━━ Source records
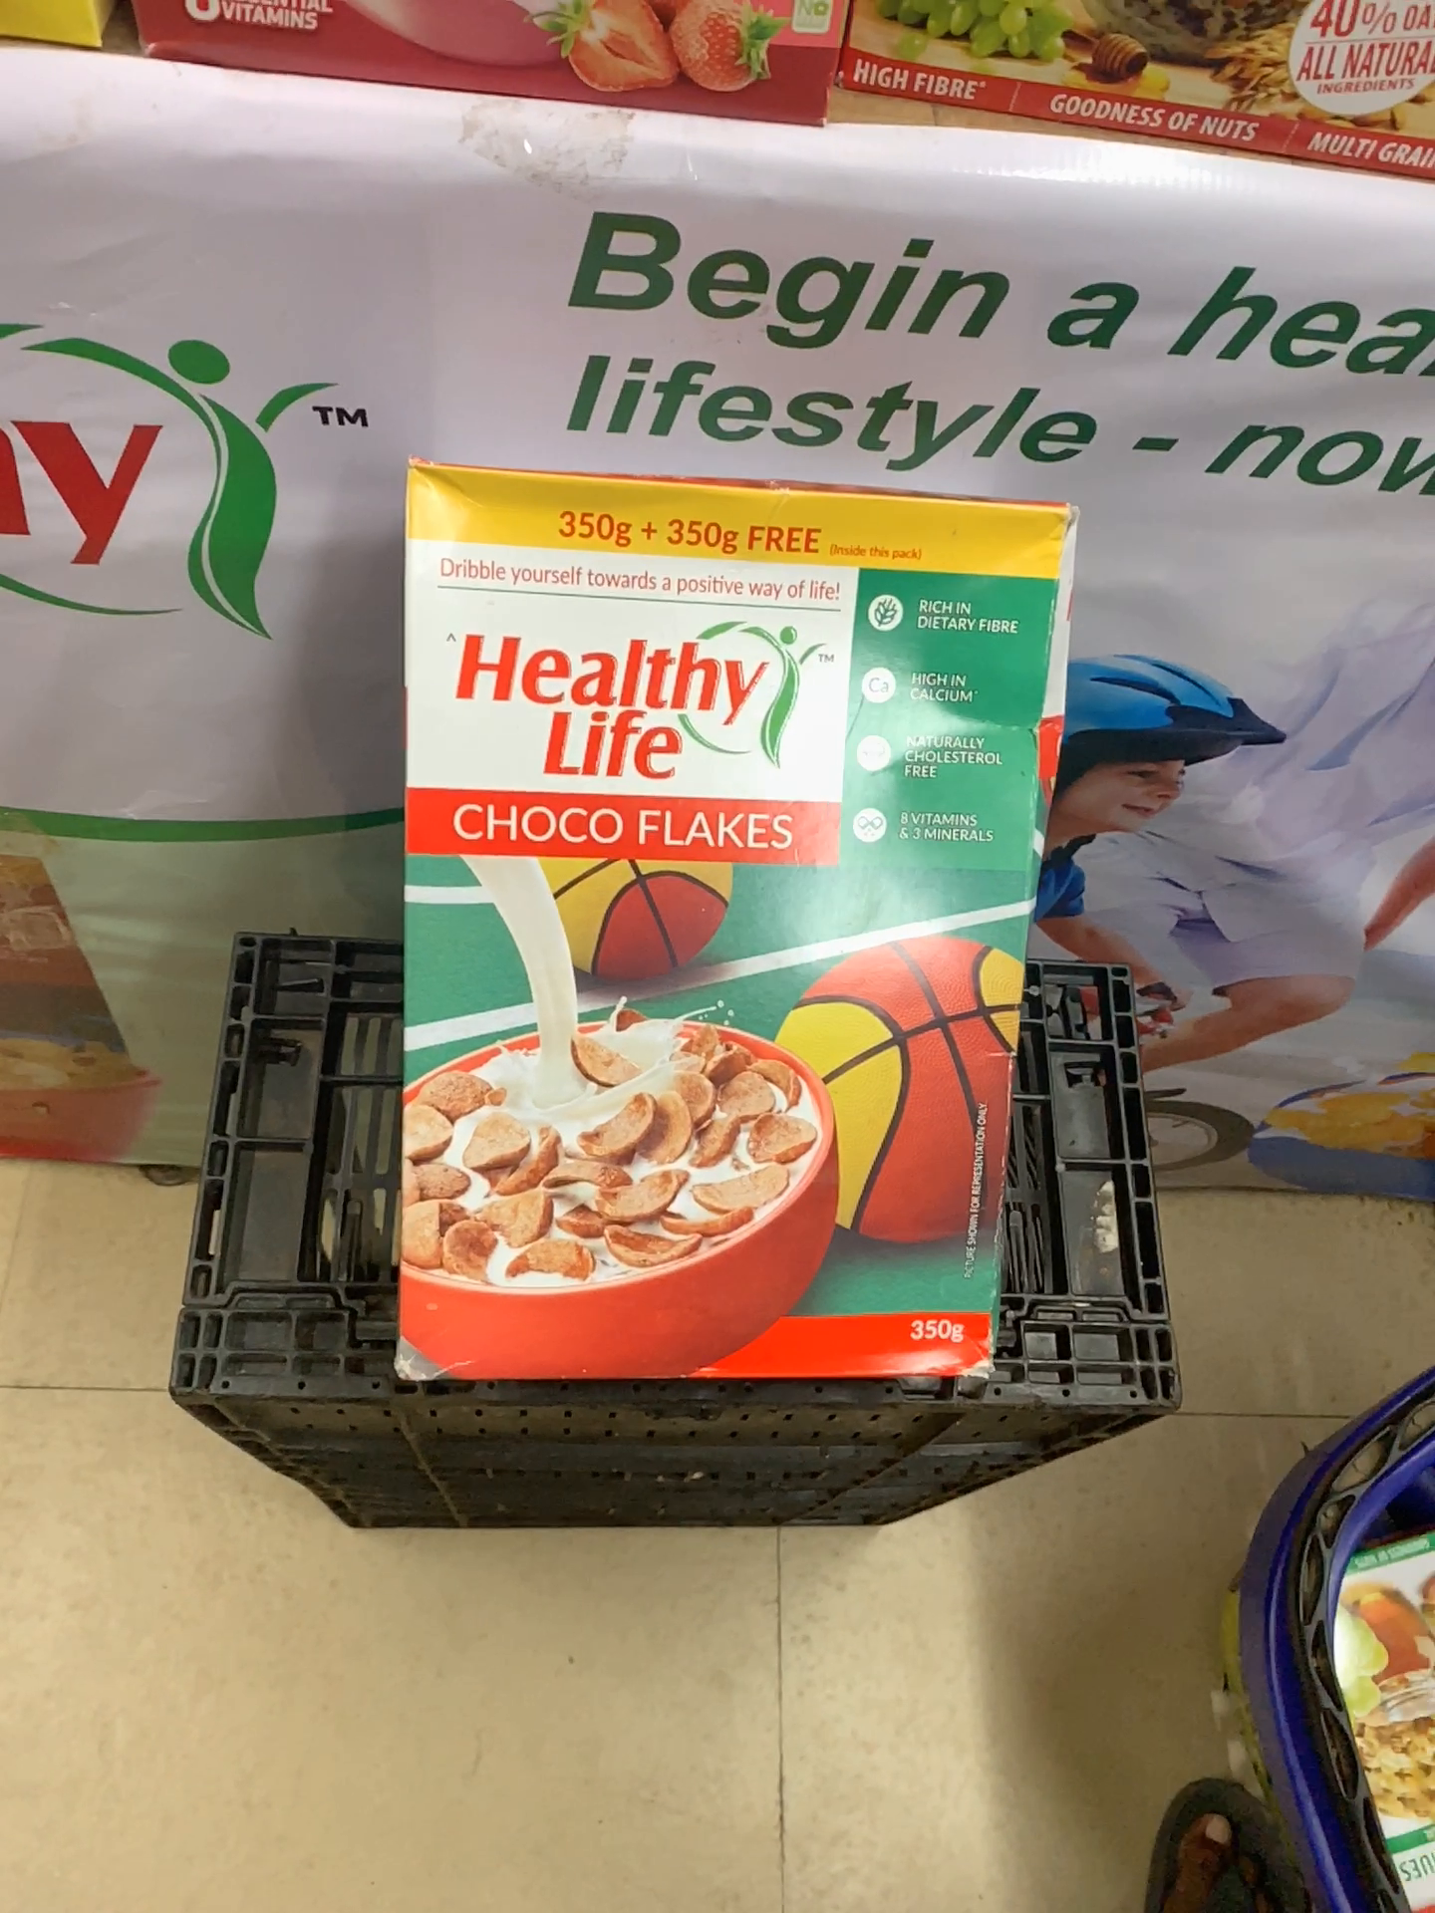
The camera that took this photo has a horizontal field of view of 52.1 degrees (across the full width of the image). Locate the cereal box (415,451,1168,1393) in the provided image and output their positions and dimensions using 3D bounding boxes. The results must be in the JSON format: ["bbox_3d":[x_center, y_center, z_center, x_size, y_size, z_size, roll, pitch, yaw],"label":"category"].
[{"bbox_3d":[0.013,-0.008,0.481,0.210,0.090,0.280,1,103,-6],"label":"cereal box"}]
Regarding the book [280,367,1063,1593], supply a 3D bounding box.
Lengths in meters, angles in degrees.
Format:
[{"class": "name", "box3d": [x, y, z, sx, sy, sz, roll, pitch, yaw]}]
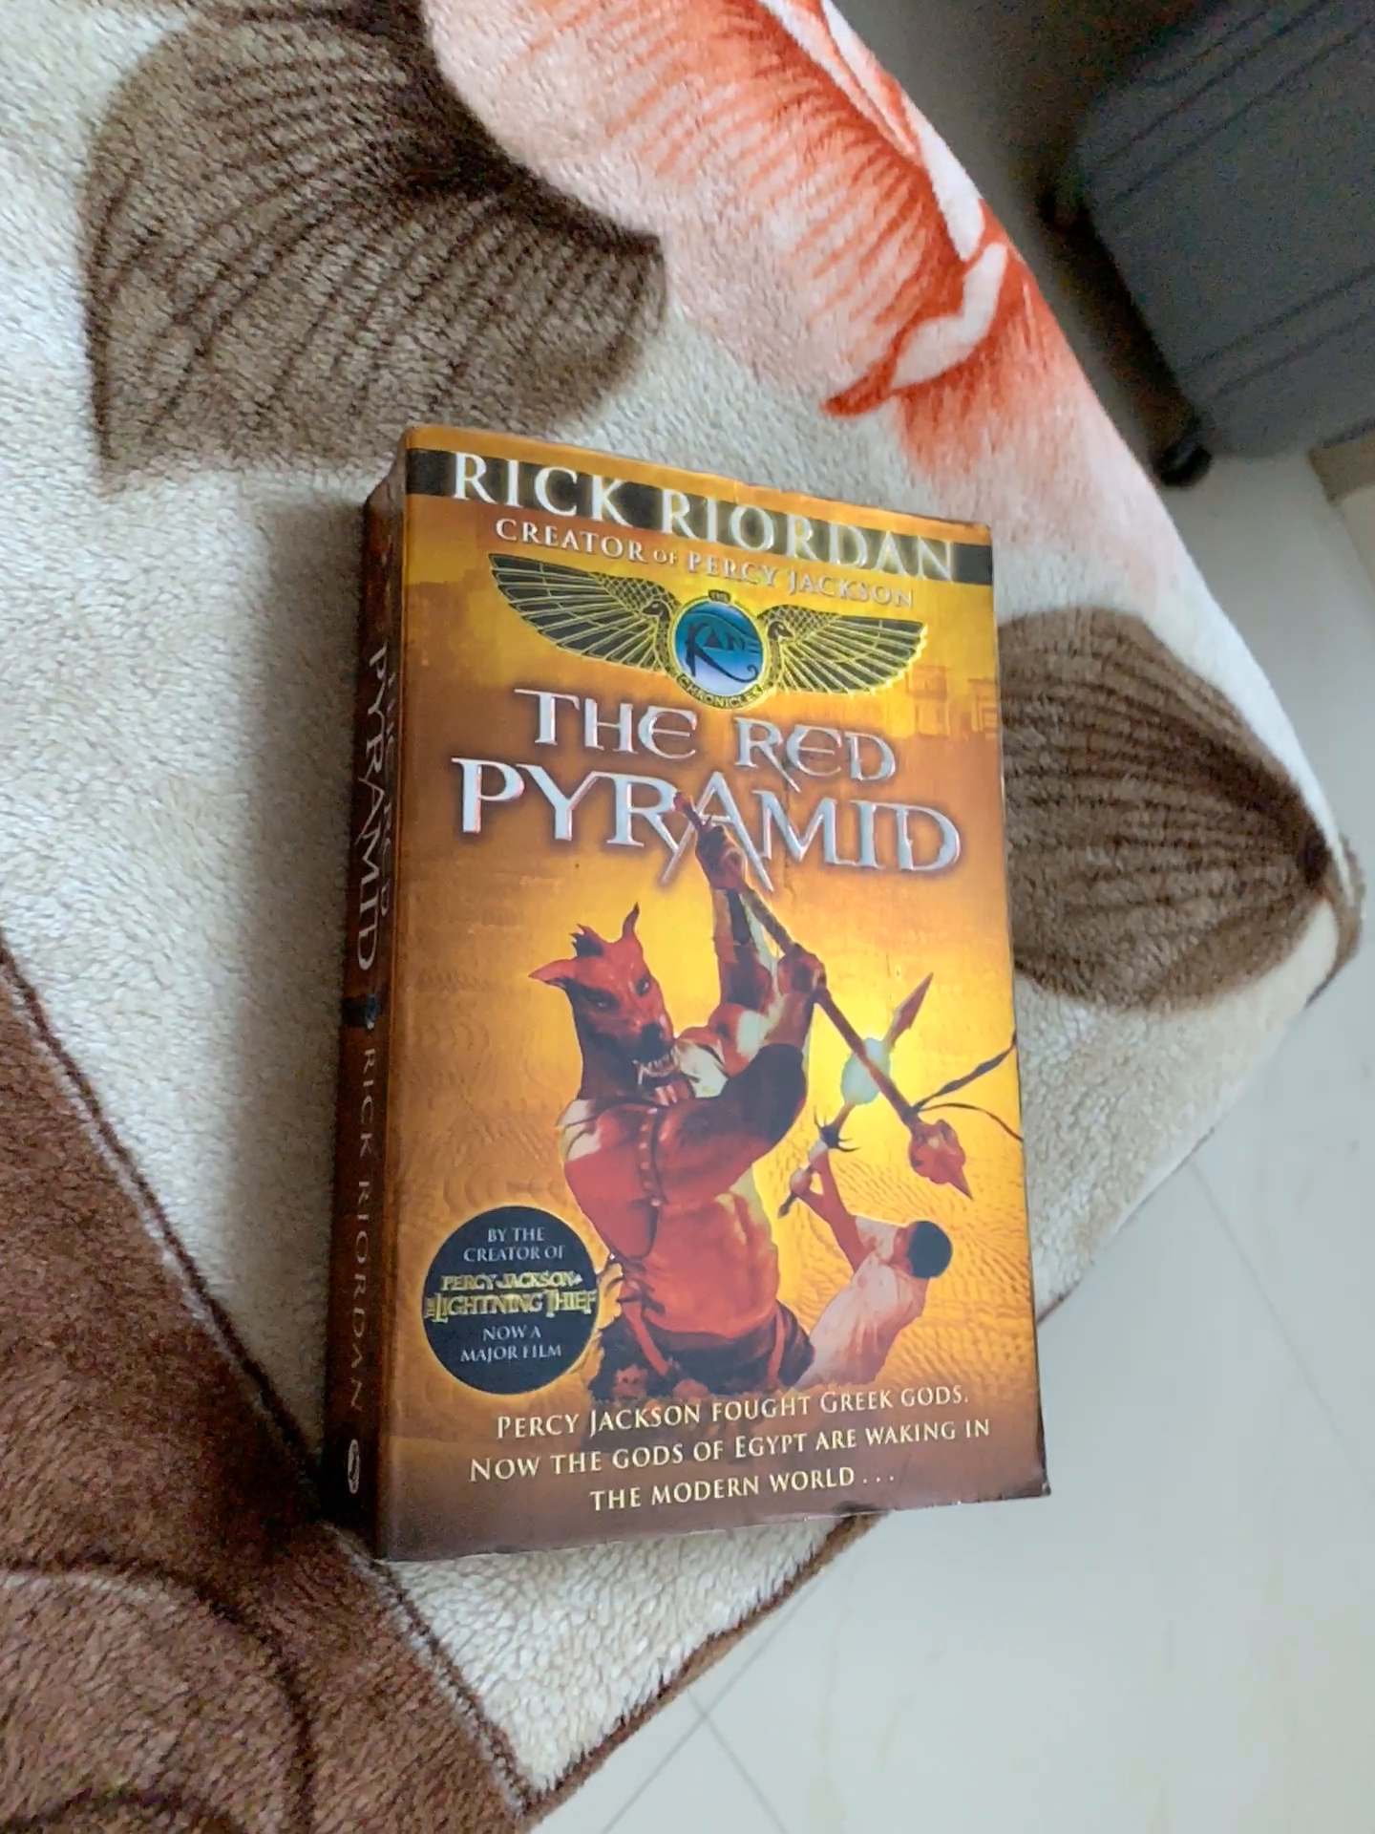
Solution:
[{"class": "book", "box3d": [-0.002, 0.010, 0.302, 0.150, 0.040, 0.220, 4, 76, -25]}]
━━━━
*Activity*: A faithful copy of every record is needed here. Leave the images out of it.

*Written solution*:
The camera that took this photo has a horizontal field of view of 52.1 degrees (across the full width of the image). Locate the cereal box (415,451,1168,1393) in the provided image and output their positions and dimensions using 3D bounding boxes. The results must be in the JSON format: ["bbox_3d":[x_center, y_center, z_center, x_size, y_size, z_size, roll, pitch, yaw],"label":"category"].
[{"bbox_3d":[0.013,-0.008,0.481,0.210,0.090,0.280,1,103,-6],"label":"cereal box"}]
Regarding the book [280,367,1063,1593], supply a 3D bounding box.
Lengths in meters, angles in degrees.
Format:
[{"class": "name", "box3d": [x, y, z, sx, sy, sz, roll, pitch, yaw]}]
Solution:
[{"class": "book", "box3d": [-0.002, 0.010, 0.302, 0.150, 0.040, 0.220, 4, 76, -25]}]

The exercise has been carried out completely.